A study by Lunga et al. (2022) conducted in the Gauteng and North West Provinces on play-based pedagogy to advance young learners’ holistic development showed that educators and parents play a significant role in the implementation of play-based pedagogy. They indicated that to support holistic development in young learners, practitioners and parents should maximise the use of a play-based methodology in both social and learning environments. It was further concluded that follow-up should be done to ensure that the pedagogy being used in ECD centres corresponds with requirements for the development of young learners (Lunga et al. 2022).

An international empirical study by Samuelsson and Björklund (2022) on the relationship between play and learning showed a significant relationship between the implementation of play-based pedagogy and the role of practitioners. They observed that play and learning have been conceptualised and influenced by policies and developmental pedagogy in early centres and emphasised the importance of curriculum in the early years (Samuelsson & Björklund 2022).

Pyle et al.’s (2020) study on play-based learning misalignments between public discourse, classroom realities and research found a discrepancy between policy and the implementation of play pedagogies. Their study found that educators do not understand their roles and the use of play or its integration in social and cultural contexts (Fesseha & Pyle 2016); this affects the implementation of play pedagogies in the teaching and learning of young learners. It was further suggested that educators need a broader understanding of play-based learning and its role in classrooms.
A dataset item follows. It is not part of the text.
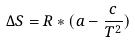Convert formula to latex. <formula><loc_0><loc_0><loc_500><loc_500>\Delta S = R * ( a - \frac { c } { T ^ { 2 } } )</formula> 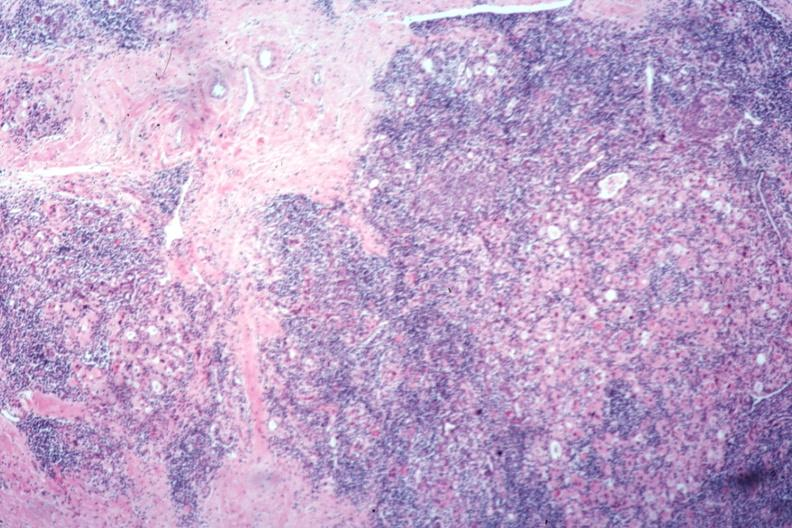where is this part in the figure?
Answer the question using a single word or phrase. Endocrine system 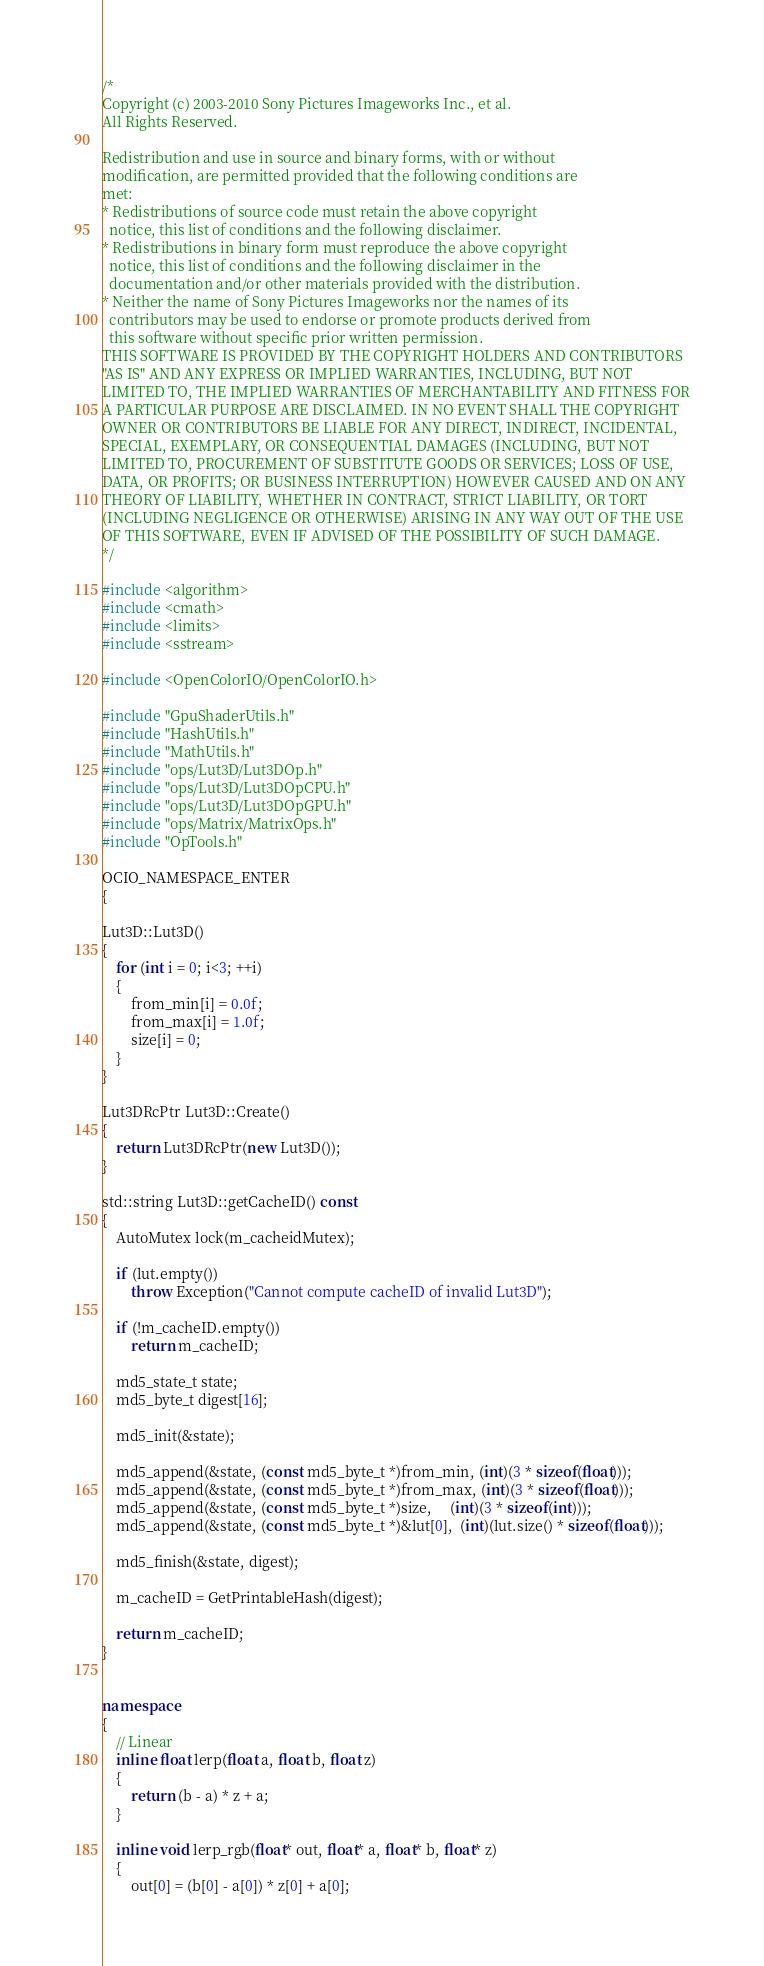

The South African curriculum does state that play should be used for teaching and learning. However, it does indicate how practitioners should do this explicitly in their lessons. This refers to guided play as it has benefits for learning academic themes and contributes to holistic development. The literature has indicated that practitioners are not struggling with free play as learners do what they want during this time. However, with guided play, the role of the teacher is very important. In this case, they are not clear on the role they play with guided play. Guided play refers to play activities that the practitioners use as a teaching strategy to achieve teaching and learning outcomes. Thereafter, practitioners need to use the zone of proximal development (ZPD) to develop learners’ learning by guiding them in play activities that could assist them with their holistic development.

Theoretical framework

Vygotsky’s sociocultural theory underpinned this study. It was developed in 1978 and focuses on the ZPD, the core idea being that a more knowledgeable other (MKO) (such as a teacher or more advanced peer learner) can enhance learners’ learning by guiding them through tasks that are slightly above their current ability level. This refers to guided play in childhood education. As the learners become more competent, the MKOs gradually withdraw their help until the learners can perform the skills by themselves. After this, the learners’ initiative is crucial. Vygotsky (1978) asserts that the role of educators in supporting learners’ development and academic skills is essential in the application of ZPD when using play pedagogies within the classroom context.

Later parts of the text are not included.